EL SEÑOR CAYO Y LA DESPOBLACION EXTREMEÑA

Reviso mi archivo documental y me topo, zas, con una serie de recientes informaciones sobre la paulatina y preocupante despoblación de Extremadura. Lo que a todos, mis queridos lectores, nos duele en el alma al ver cómo en el paso del tiempo, aquella tragedia migratoria de los años 50, 60, 70, parece que retoma el compás en estos años de la segunda década del siglo XXI. Al medio, el señor Cayo.

Ay, las estaciones ferroviarias extremeñas de las que tantos emigrantes partían… y siguen partiendo.

Entre esos artículos y reportajes periodísticos, por ejemplo, podemos destacar el titular del diario «Hoy«, del pasado 4 de febrero  que denunciaba que “La despoblación ya amenaza a las ciudades extremeñas”. En el mismo, firmado por Antonio J. Armero, se destaca que “el éxodo rural ya es también urbano en Extremadura” y hace hincapié, lo cual ya es un pésimo dato, en “que los pueblos se vayan quedando sin gente no es nuevo, pero sí que esto ocurra en Badajoz, Cáceres, Plasencia, Don Benito, Almendralejo, Villanueva de la Serena, Coria, Montijo, Olivenza, Villafranca de los Barros…”. Y, entonces, me he acordado del señor Cayo, el protagonista de una excepcional  novela de Miguel Delibes.

Un dato verdaderamente tan dramático como desolador, que seguimos los estudiosos del tema demográfico y popular extremeño, con cifras que vuelven a preocupar en todos los ambientes sociales, aunque quizás, tal vez, acaso, los estamentos oficiales de la Administración extremeña, por unas u otras causas, no resulten muy eficaces en sus capacidades operativas.

Al menos, si se nos permite, a la vista de unos datos tan continuistas con aquella hemorragia migratoria de la segunda mitad pasado del siglo pasado. Si bien, claro es, no con la extrema y sangrante gravedad de aquel entonces.

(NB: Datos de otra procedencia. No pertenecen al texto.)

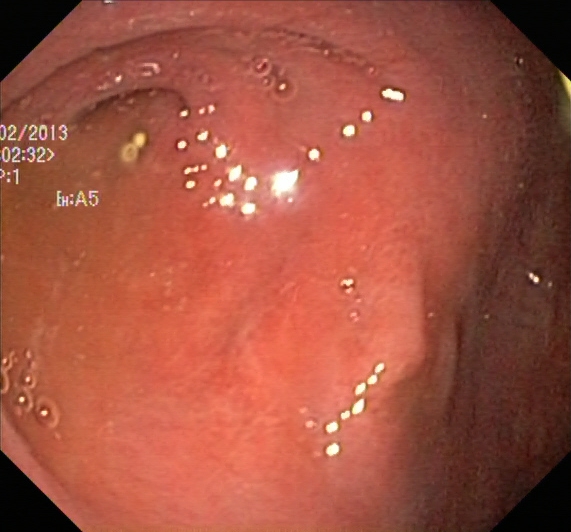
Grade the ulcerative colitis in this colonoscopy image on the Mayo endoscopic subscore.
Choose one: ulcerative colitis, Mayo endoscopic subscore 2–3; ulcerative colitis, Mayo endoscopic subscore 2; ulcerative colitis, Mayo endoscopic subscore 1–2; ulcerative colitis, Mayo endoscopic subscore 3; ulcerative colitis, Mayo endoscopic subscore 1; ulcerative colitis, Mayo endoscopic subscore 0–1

Pero los datos migratorios de la Extremadura de hoy ya comienzan a ser alarmantes.

Y es que, sencillamente, la región extremeña, que en febrero último contaba, según se señala en dicha información, con 1.079.920 habitantes, lleva, ya, seis años continuados perdiendo población en el camino. Y, también, lo que parece más alarmante, que en el 2030, a la vuelta de la esquina, nuestra Comunidad contará con el doble de mayores de 64 años que menores de 16.

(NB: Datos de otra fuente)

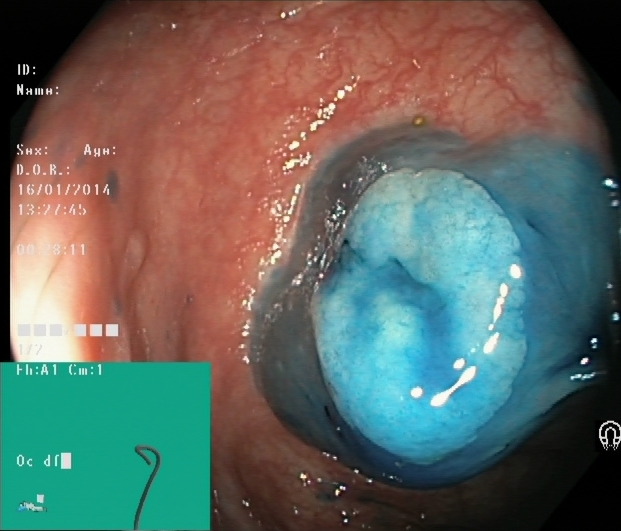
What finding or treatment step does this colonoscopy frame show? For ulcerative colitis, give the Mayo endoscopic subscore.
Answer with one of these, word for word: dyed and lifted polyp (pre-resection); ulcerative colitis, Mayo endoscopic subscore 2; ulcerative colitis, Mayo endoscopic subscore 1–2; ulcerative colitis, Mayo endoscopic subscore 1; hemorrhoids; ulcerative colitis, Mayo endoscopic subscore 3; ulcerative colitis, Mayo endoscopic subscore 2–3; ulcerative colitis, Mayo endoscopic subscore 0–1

Nuestros pueblos, pues, y nuestros campos, tantos después, continúan en esa escalada vertiginosa de la despoblación, del abandono, del envejecimiento, de medidas no adecuadas para su revitalización y fortalecimiento. Todo lo contrario. Apenas va quedando gente joven en los municipios que se resienten sin el tañido de las campanas, sin sus brazos jóvenes, con gravísimas fracturas en el alma familiar, que se desgaja hasta sangrar, con la historia que se abraza en el último rincón de tantas y tantas casas desvencijadas y en las que tan solo se oye el eco del llanto por tanta condena y harta desatención administrativa.

Un dilema de extraordinaria repercusión y de la suficiente entidad y compromiso moral como para que el Gobierno que pilota Guillermo Fernández Vara trabaje y se esmere, con mucho mayor grado de compromiso, que el que se ha mantenido hasta ahora.

En este sentido he de dejar constancia expresa de mi encuentro, hará tres o cuatro años, con el alcalde amigo de un pequeño pueblo de Extremadura arrasado por la emigración de aquellos mediados del pasado siglo. Y mientras degustábamos una rica caldereta de cordero, tinto cacereño al medio, el periodista trataba de incentivar al regidor para facilitar ayudas encaminadas pequeñas empresas que pudieran ser creadoras de empleo y dinamizadoras de una mayor riqueza.

A lo que el mismo, con unas lágrimas de pesar en los ojos, me respondía:

— Eso es imposible. Nos crearían unos problemas de infraestructuras muy diversas y complejas que serían bastante complejas de abordar. Y por tanto, probablemente, pudiera resultar peor el remedio que la enfermedad.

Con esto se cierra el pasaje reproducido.